Bulgarian President and former Air Force commander Roumen Radev has called for “radio silence” on the country’s fighter jet acquisition process.

Radev was speaking on October 15, about two weeks after the deadline for bidders to submit proposals to supply the Bulgarian Air Force with fighter jets in a process for which 1.5 billion leva has been allocated.

Of the seven countries invited to bid, three submitted offers: Two from the United States, for new F-16s and new F-18s, while Sweden once again put forward its offer for new Gripen jets. Italy’s offer was for used Eurofighters.

Radev, a former fighter pilot and a frequent public critic of the government over the fighter jet acquisition process and numerous other issues, called on the Prime Minister, Cabinet ministers and MPs to “maintain radio silence” while two committees work through the documentation.

The first committee was initially expected to complete its work within two weeks from the deadline for bids, though it is not clear whether this timeframe will be kept to. Once this committee has finished its task, a political-military committee will review the bids.

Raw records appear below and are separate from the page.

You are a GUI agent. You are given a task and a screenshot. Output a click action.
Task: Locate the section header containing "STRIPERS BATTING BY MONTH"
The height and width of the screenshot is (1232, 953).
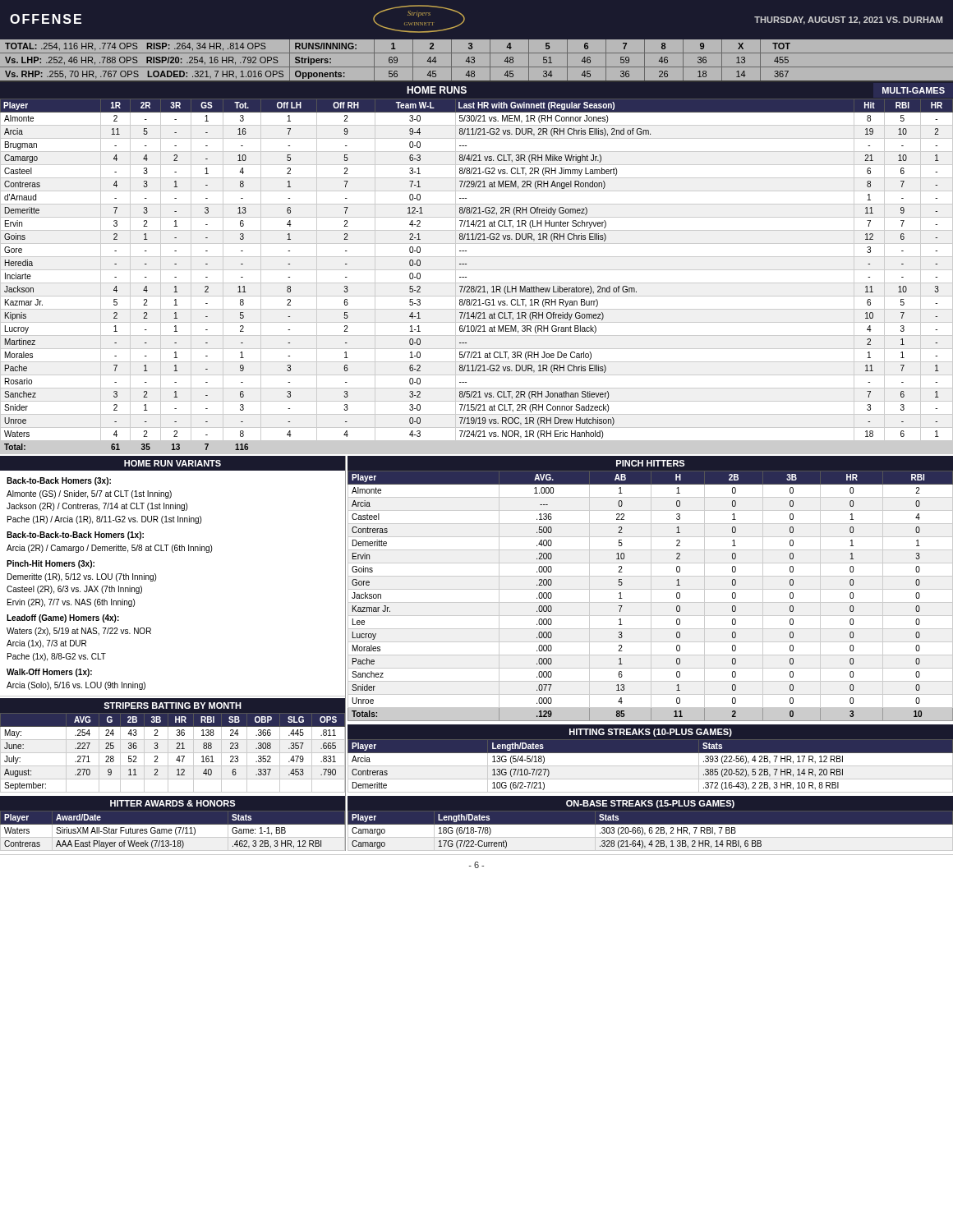tap(173, 706)
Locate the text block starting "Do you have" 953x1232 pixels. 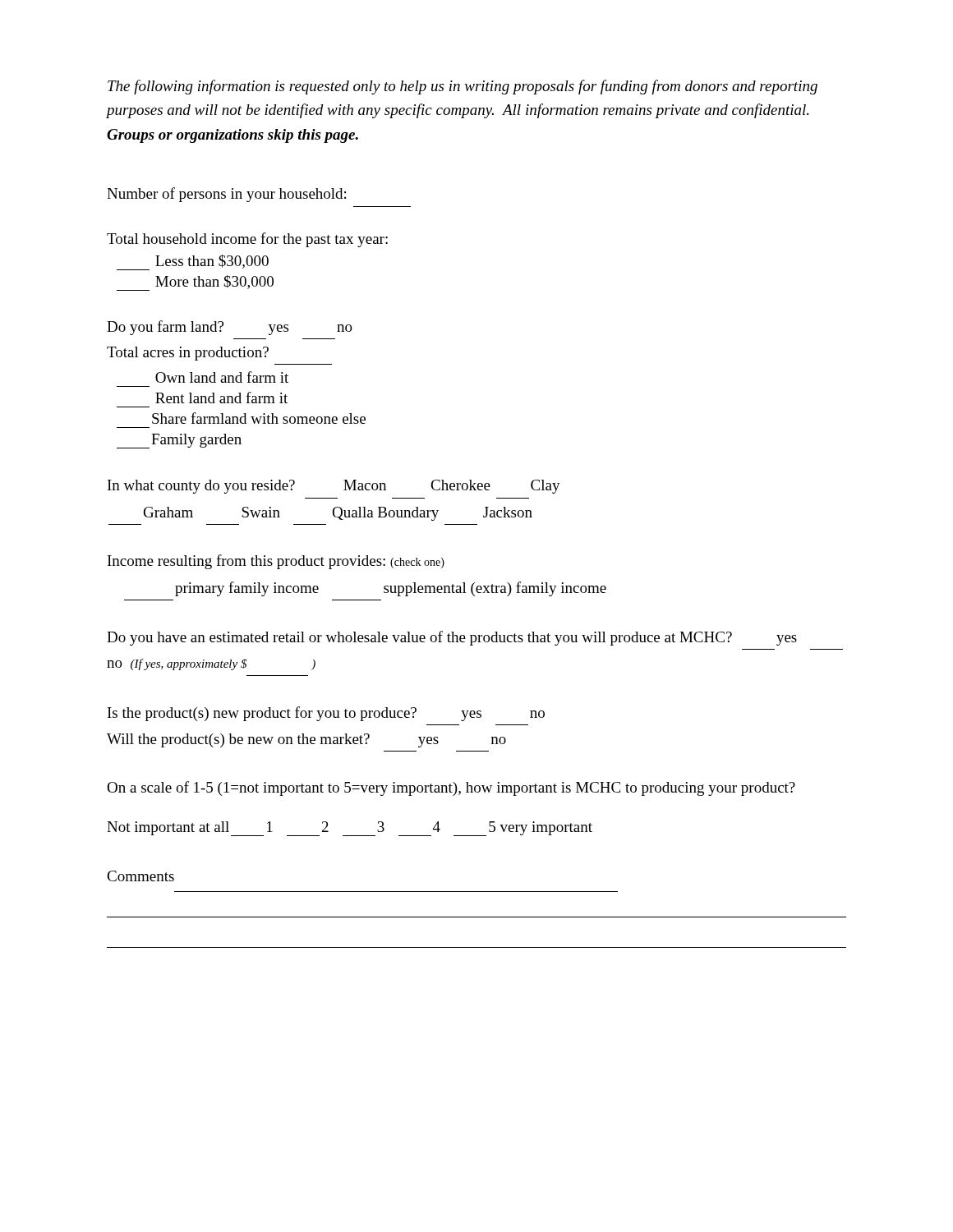475,647
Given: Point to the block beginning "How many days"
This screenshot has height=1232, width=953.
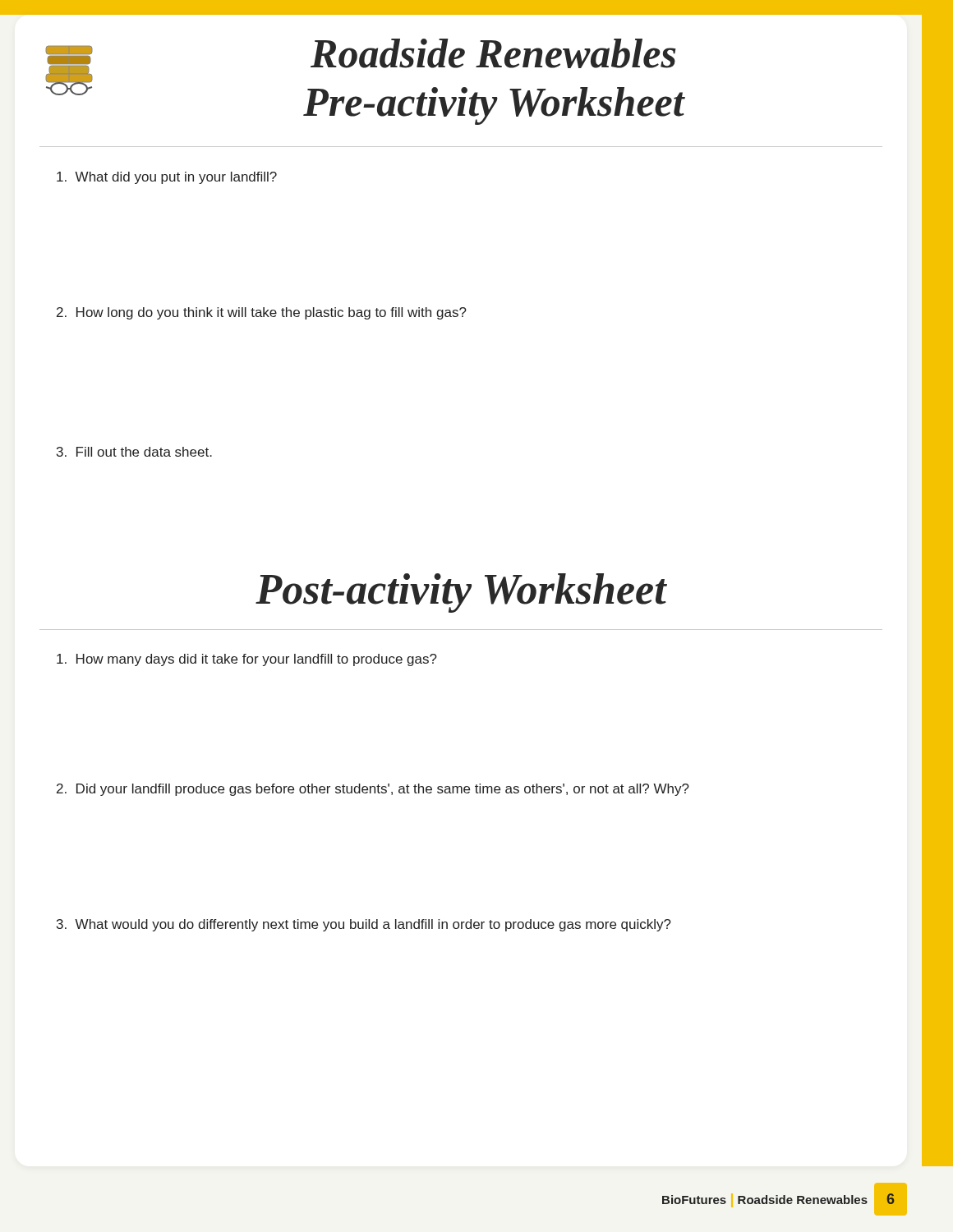Looking at the screenshot, I should (x=246, y=659).

After the bids were submitted, Defence Minister Krassimir Karakachanov, who earlier had said that he hoped for the signing of a contract before the end of 2018, appeared less certain of this, hinting that the process could take longer.

Among those to speak out recently on the issue was Radev’s immediate predecessor as head of state, former President Rossen Plevneliev.

Plevneliev, who unlike Radev was elected on the ticket of Prime Minister Boiko Borissov’s GERB party, spoke in favour of the US offer of F-16s and against the Gripen bid.

Buying the F-16s would put Bulgaria in the club of those able to be as efficient as possible with their neighbours “if something happens” and the fighter had the most up-to-date equipment, Plevneliev said.

He said that there were other countries with Gripens, but they were in central Europe, not on Nato’s eastern flank.

On October 9, Deputy Defence Minister Anatoly Velichkov said that if no contract was signed before the end of this year and thus no money spent towards the new fighters, the funds allocated for the project for 2018 could be redirected to overhauling the Bulgarian Air Force’s existing Russian-made aircraft.